● WHAT THE EXERCISE ASKS:
You are asked to filter the data below and copy every line holding "connection".

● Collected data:
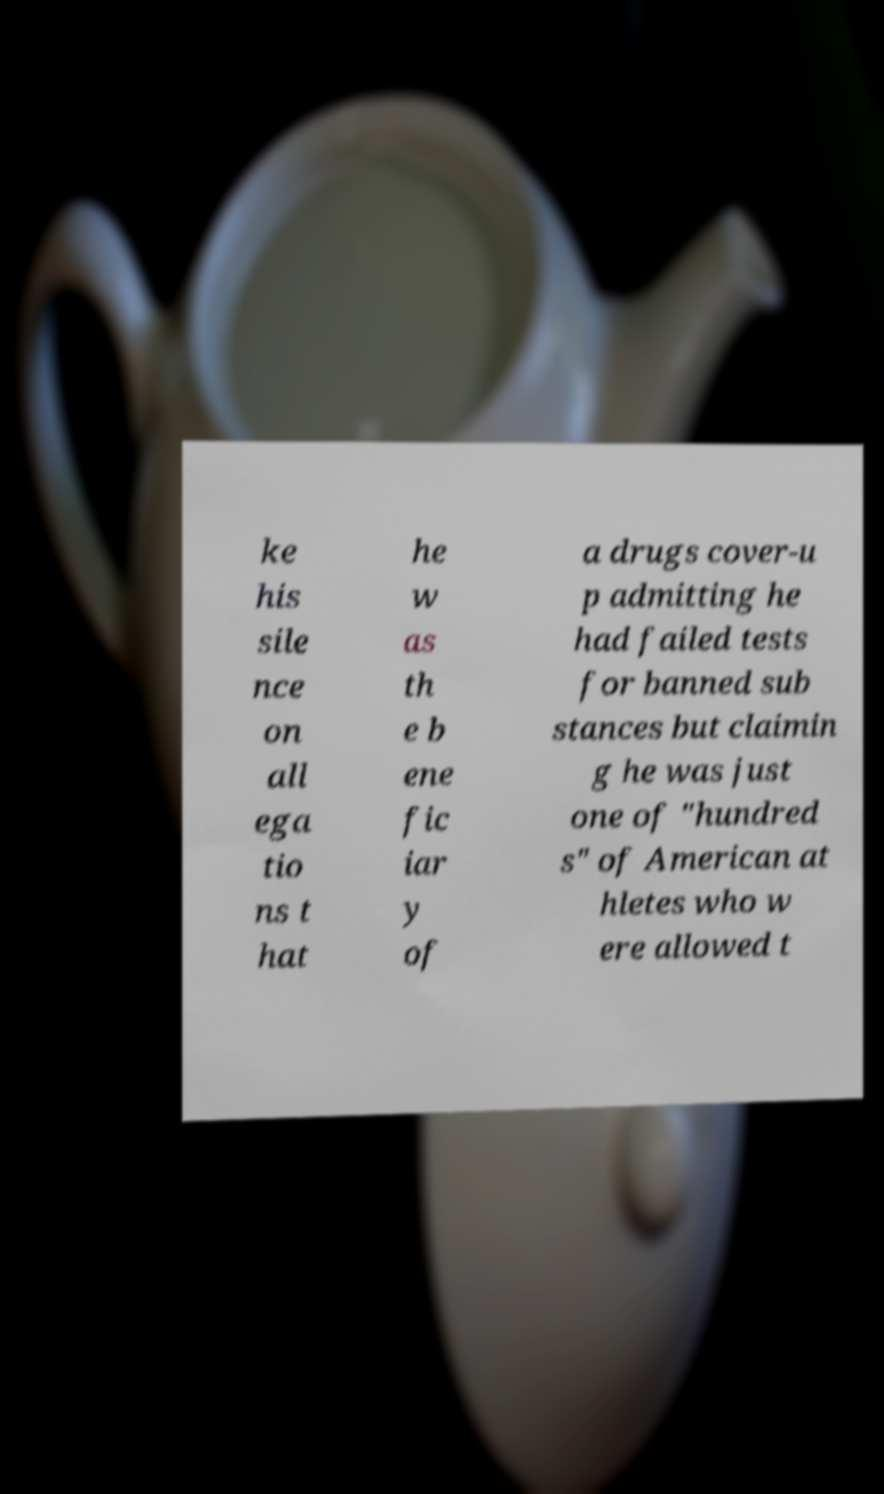Can you accurately transcribe the text from the provided image for me? ke his sile nce on all ega tio ns t hat he w as th e b ene fic iar y of a drugs cover-u p admitting he had failed tests for banned sub stances but claimin g he was just one of "hundred s" of American at hletes who w ere allowed t 
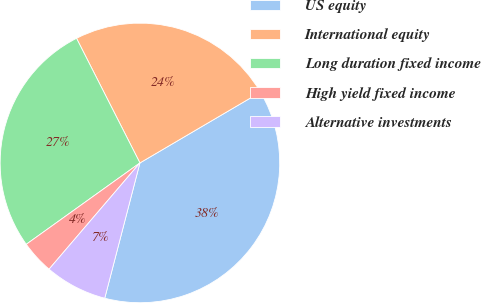<chart> <loc_0><loc_0><loc_500><loc_500><pie_chart><fcel>US equity<fcel>International equity<fcel>Long duration fixed income<fcel>High yield fixed income<fcel>Alternative investments<nl><fcel>37.5%<fcel>24.04%<fcel>27.4%<fcel>3.85%<fcel>7.21%<nl></chart> 
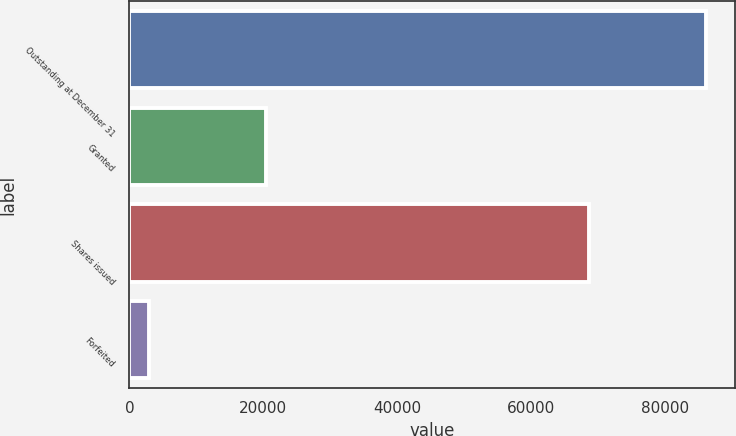Convert chart. <chart><loc_0><loc_0><loc_500><loc_500><bar_chart><fcel>Outstanding at December 31<fcel>Granted<fcel>Shares issued<fcel>Forfeited<nl><fcel>86050<fcel>20425<fcel>68625<fcel>3000<nl></chart> 
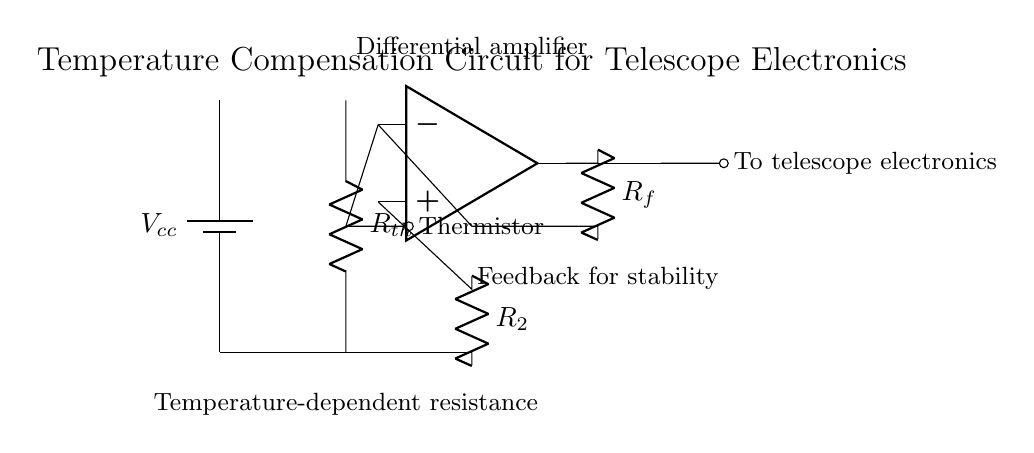What type of sensor is used in this circuit? The circuit includes a thermistor, which is a type of temperature sensor that changes its resistance based on temperature variations. This is indicated by the label next to the component.
Answer: Thermistor What is the purpose of the operational amplifier in this circuit? The operational amplifier is used to amplify the voltage difference from the thermistor, enabling precise control over the output voltage sent to the telescope electronics. This is indicated by its position and role in the feedback loop.
Answer: Voltage amplification What is the value of the feedback resistor labeled in this circuit? The feedback resistor is labeled as R_f. Its actual value isn't specified in the diagram, but its purpose is to stabilize the output by controlling gain in the feedback network.
Answer: R_f How many resistors are present in the circuit? The circuit diagram shows three resistors: R_th (thermistor), R_2, and R_f. Each serves a specific purpose in the interaction between the thermistor and the operational amplifier.
Answer: Three What does the output of the operational amplifier connect to? The output of the operational amplifier connects directly to the telescope electronics via a short, as indicated by the connection line leading to it from the op-amp.
Answer: Telescope electronics What role does the thermistor play in temperature compensation? The thermistor alters its resistance with temperature change, allowing the operational amplifier to adjust the output voltage and maintain performance despite varying ambient conditions. This is inferred from its connection to the op-amp and the purpose of the circuit.
Answer: Temperature measurement 
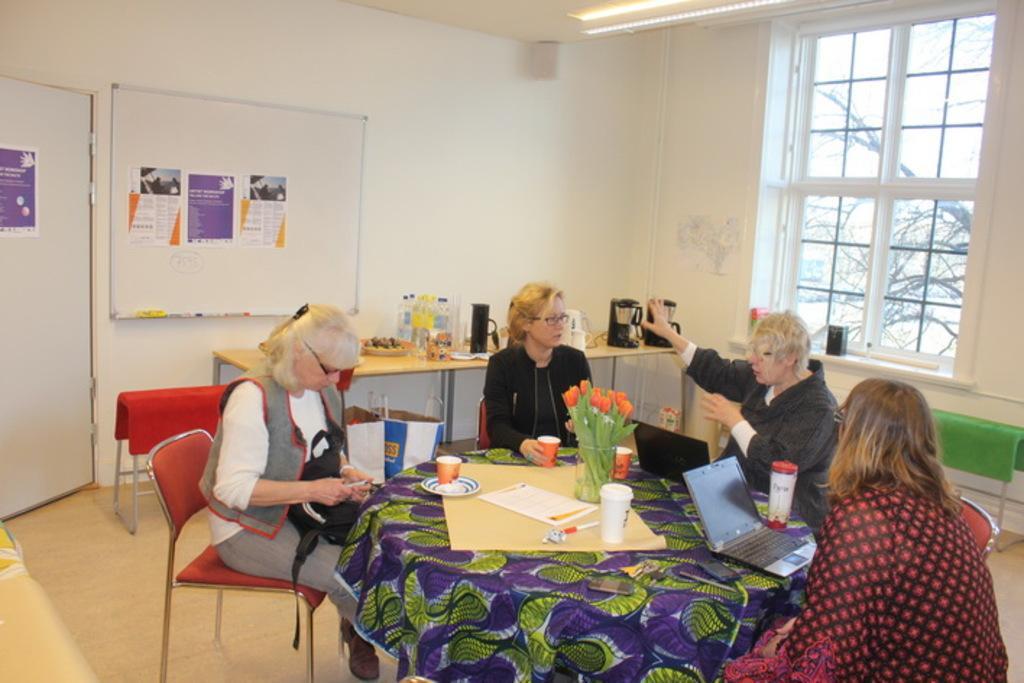Can you describe this image briefly? In this image I see 4 women who are sitting on the chairs and there is a table in front of them. On the table I see cups, laptops and a flower vase. In the background I see the window, wall, door and few papers on it and a table on which there are many things.

● SOLUTION:
Answer: Three What does the output of the operational amplifier connect to? The output of the operational amplifier connects directly to the telescope electronics via a short, as indicated by the connection line leading to it from the op-amp.
Answer: Telescope electronics What role does the thermistor play in temperature compensation? The thermistor alters its resistance with temperature change, allowing the operational amplifier to adjust the output voltage and maintain performance despite varying ambient conditions. This is inferred from its connection to the op-amp and the purpose of the circuit.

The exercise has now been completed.